Jak samochody elektryczne przegrały ze spalinowymi
To, co w snobistycznej Europie długo stanowiło zaletę elektromobili, w Ameryce było ich wadą.
Ztego, co opisałem tydzień temu, widać było, że palma pierwszeństwa w rozwoju samochodów elektrycznych przeniosła się z Francji do USA. Amerykanie budowali coraz lepsze samochody, co napędzała silna wewnętrzna konkurencja. Walter C. Baker był pierwszy, ale pełen inwencji wynalazca Andres L. Riker (pomysłodawca standaryzacji akumulatorów) otworzył firmę The Riker Electric Vehicle Company i w niektórych latach uzyskiwał lepszą sprzedaż od Bakera.
Amerykanie próbowali też ograniczyć największą wadę samochodów elektrycznych, jaką był bardzo ciężki i mało pojemny ołowiowy akumulator. Gdy w 1904 roku Thomas Alva Edison przedstawił swój kolejny wynalazek (a miał ich wtedy na koncie kilkaset), akumulator niklowo-żelazowy, lżejszy i bardziej pojemny niż akumulatory wcześniej stosowane, wydawało się, że samochody elektryczne wyprą całkowicie z rynku wciąż jeszcze budowane samochody parowe i zaczynające się rozwijać samochody spalinowe. Stało się jednak inaczej.
Na rynek weszli Niemcy, którzy od początku postawili głównie na samochody spalinowe.
W 1883 roku Gottlieb Daimler i Wilhelm Maybach opracowali jednocylindrowy, czterosuwo-wy silnik spalinowy, który Daimler opatentował w 1885 roku. W tym samym roku inny niemiecki wynalazca, Carl Benz, zbudował samochód trójkołowy z takim silnikiem - Benz Patent-Motorwagen Nummer 1, który opatentował w 1886 roku i zaczął go produkować w swoim zakładzie firmy Benz & Cie. Rheinische Gasmotorenfabrik w Mannheim w 1888 roku.

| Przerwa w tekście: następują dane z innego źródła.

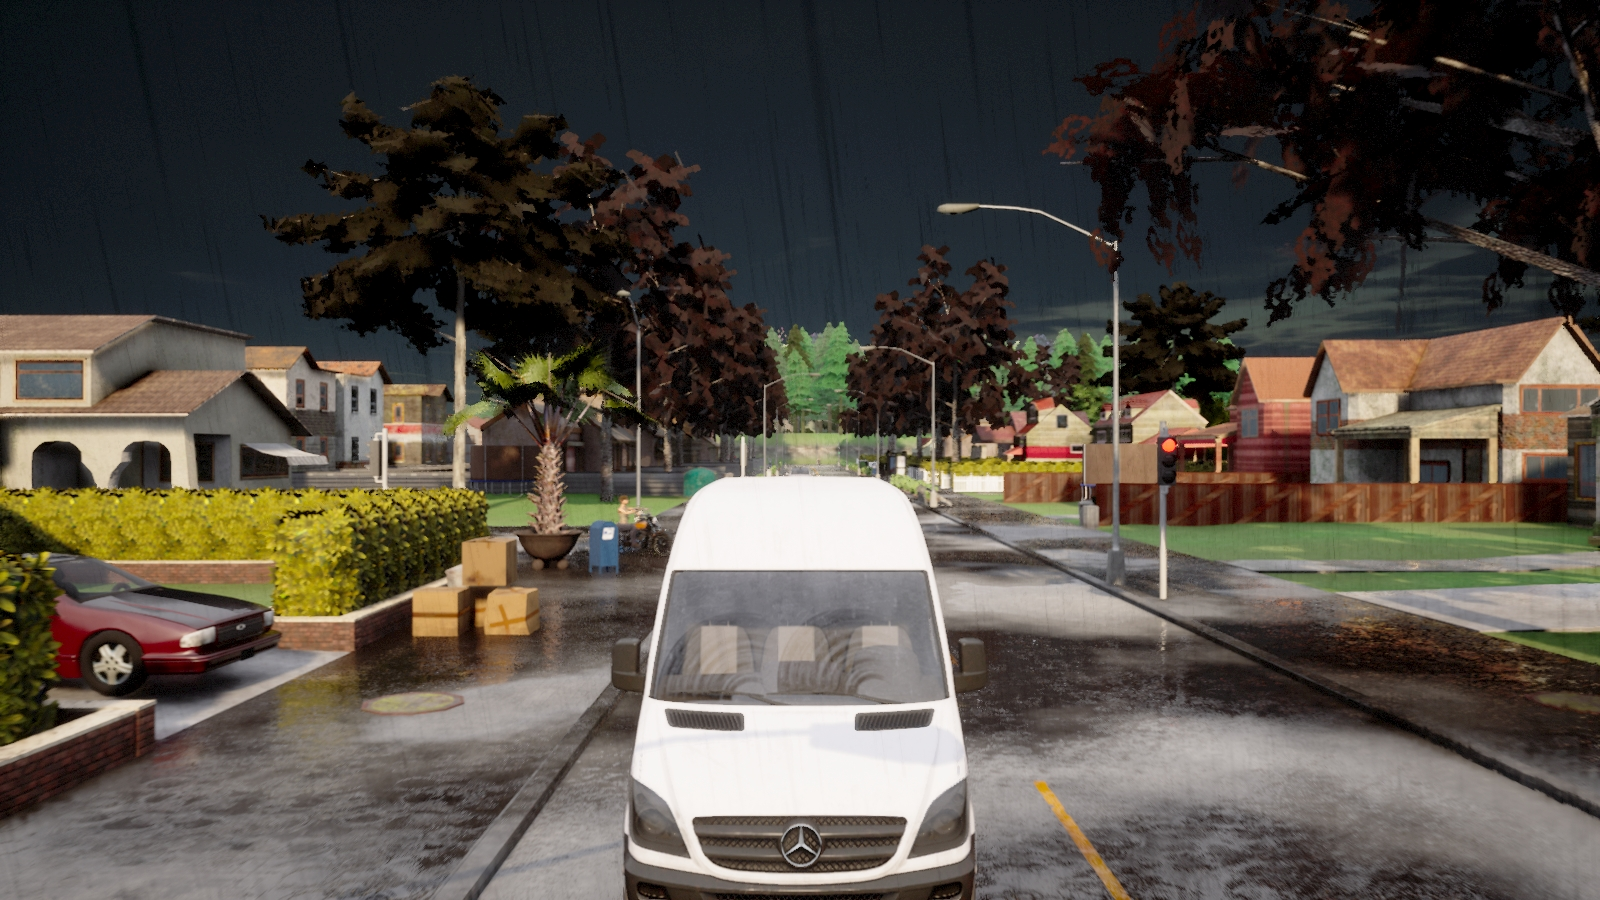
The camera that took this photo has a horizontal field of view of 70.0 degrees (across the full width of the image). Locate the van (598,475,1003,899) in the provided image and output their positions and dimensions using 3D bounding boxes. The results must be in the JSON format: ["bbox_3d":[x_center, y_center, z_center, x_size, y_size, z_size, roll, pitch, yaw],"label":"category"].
[{"bbox_3d":[0.004,1.535,8.562,1.988,2.561,5.915,0,0,0],"label":"van"}]

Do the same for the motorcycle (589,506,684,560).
[{"bbox_3d":[-4.286,2.158,29.950,2.356,1.307,0.764,0,1,14],"label":"motorcycle"}]
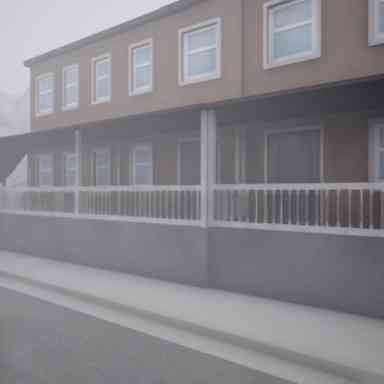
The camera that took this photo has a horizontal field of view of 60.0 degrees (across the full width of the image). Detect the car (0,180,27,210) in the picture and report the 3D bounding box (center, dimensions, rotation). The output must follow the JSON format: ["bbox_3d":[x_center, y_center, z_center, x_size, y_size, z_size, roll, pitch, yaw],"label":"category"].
[{"bbox_3d":[-14.583,0.322,28.394,2.150,2.045,5.566,0,18,34],"label":"car"}]
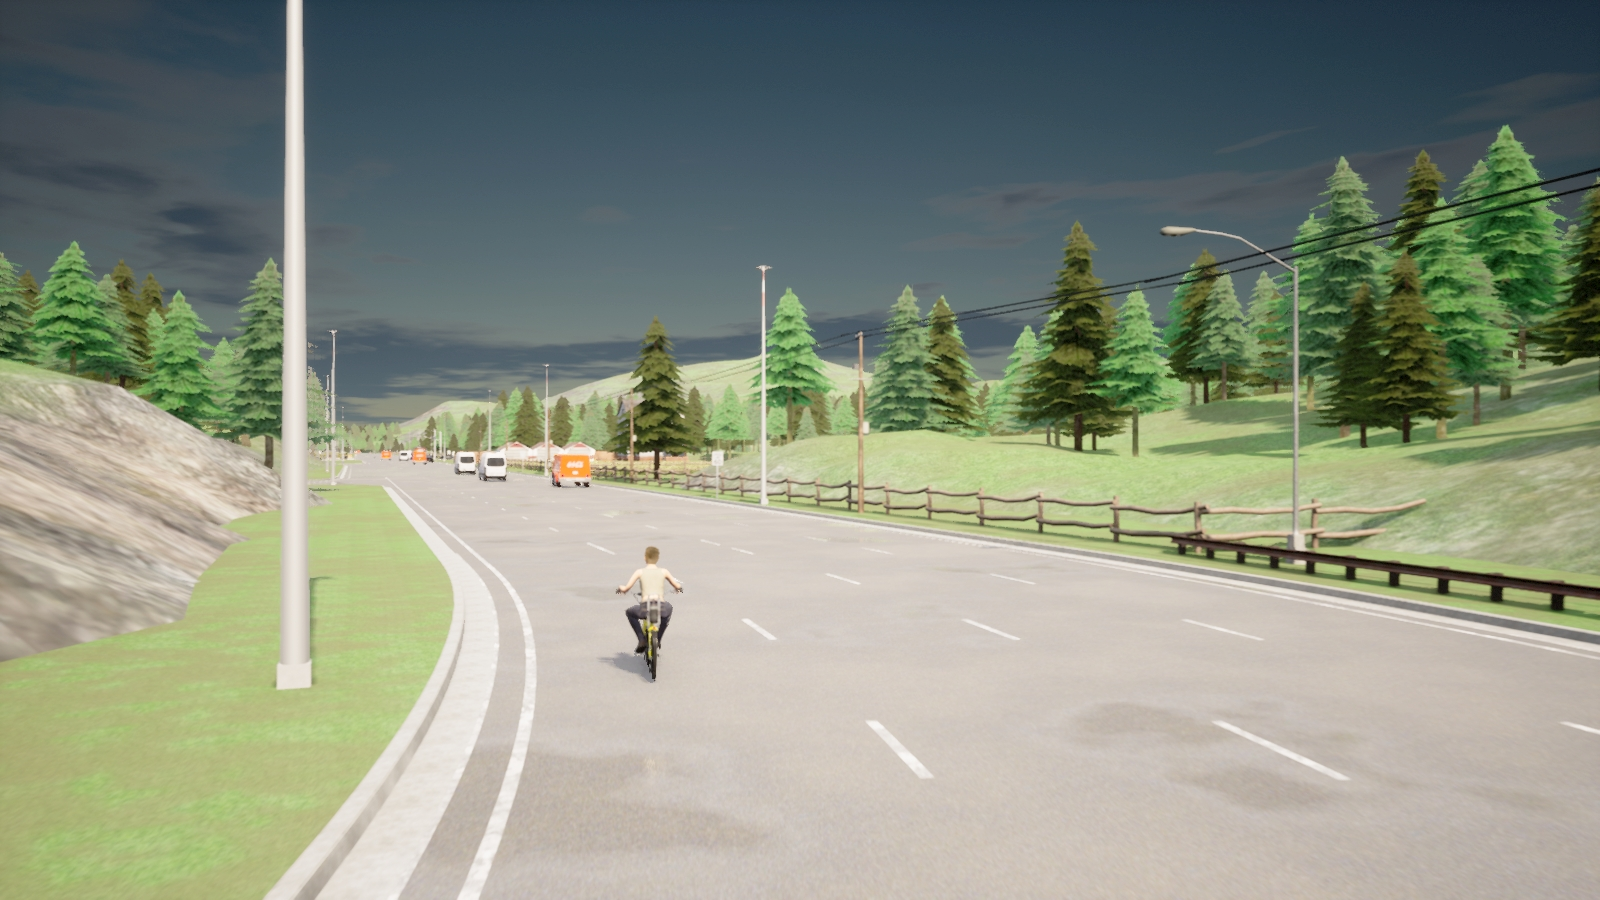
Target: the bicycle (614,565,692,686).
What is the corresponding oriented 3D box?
[{"bbox_3d":[-1.872,2.158,14.342,0.859,1.276,1.487,0,0,-12],"label":"bicycle"}]

Ważne było, że Benz od początku jako paliwo stosował benzynę, co powodowało lepszą pracę silnika i mniejszą emisję szkodliwych spalin niż w spalinowych samochodach francuskich, które używały łatwiej dostępnej nafty, a nawet bywały napędzane oliwą z oliwek albo olejem rzepakowym.
Daimler też nie próżnował i w 1886 roku skonstruował samochód czterokołowy, który zaczął produkować w swojej fabryce, którą nazwał Daimler-Motoren-Gesellschaft.
Francuzi, zapatrzeni w swoje samochody elektryczne, traktowali działania Niemców z pobłażliwą wyższością. Musieli jednak zmienić zdanie, gdy w 1899 roku ich czołowa firma, Kriegera, sprzedała zaledwie 60 elektro-samochodów, podczas gdy fabryka Carla Benza sprzedała ponad 600 spalinowych.
Amerykanie także zaczęli rezygnować z samochodów elektrycznych.
Po pierwsze, były drogie. To, co w snobistycznej Europie długo stanowiło zaletę elektromobili, w demokratycznej Ameryce było ich wadą.
Po drugie, były kłopotliwe w eksploatacji. Osławione akumulatory niklowe Edisona okazały się mało trwałe i trzeba je było wymieniać co pół roku.
Po trzecie, były ciężkie: typowy elektryczny samochód ważył co najmniej dwie tony. Tymczasem w USA na początku XX wieku było już ponad 2 miliony mil dróg, ale utwardzoną nawierzchnię miało tylko 160 mil. Jazda szybkim, ale ciężkim samochodem elektrycznym po takich drogach często kończyła się połamaniem podwozia.
W tym momencie na scenę wkroczył Henry Ford ze swoim spalinowym samochodem Ford T. Był on lekki (540 kg), tani (na początku 850 USD, ale potem cena spadła nawet do 360 USD), dobrze resorowany i w miarę szybki (65 km/h). Od premiery w 1908 roku samochód ten stale zwiększał swoją popularność, de facto od podstaw motoryzując Amerykę. Jak wiadomo, Ford wprowadził produkcję taśmo-wą, w związku z tym produkcja jednego samochodu w fabryce w Detroit trwała (w 1914 roku) 93 minuty. Wyprodukowano ich bardzo dużo - ponad 15 milionów.
A samochody elektryczne odchodziły. Wraz z nimi odszedł także opisywany w pierwszym odcinku tego cyklu artykułów Charles Jeantaud, budowniczy elektrycznych karet i twórca pierwszych sukcesów elektrycznych samochodów. Gdy stracił nadzieję na rozwój elektromobilności, 29 listopada 1906 roku popełnił samobójstwo.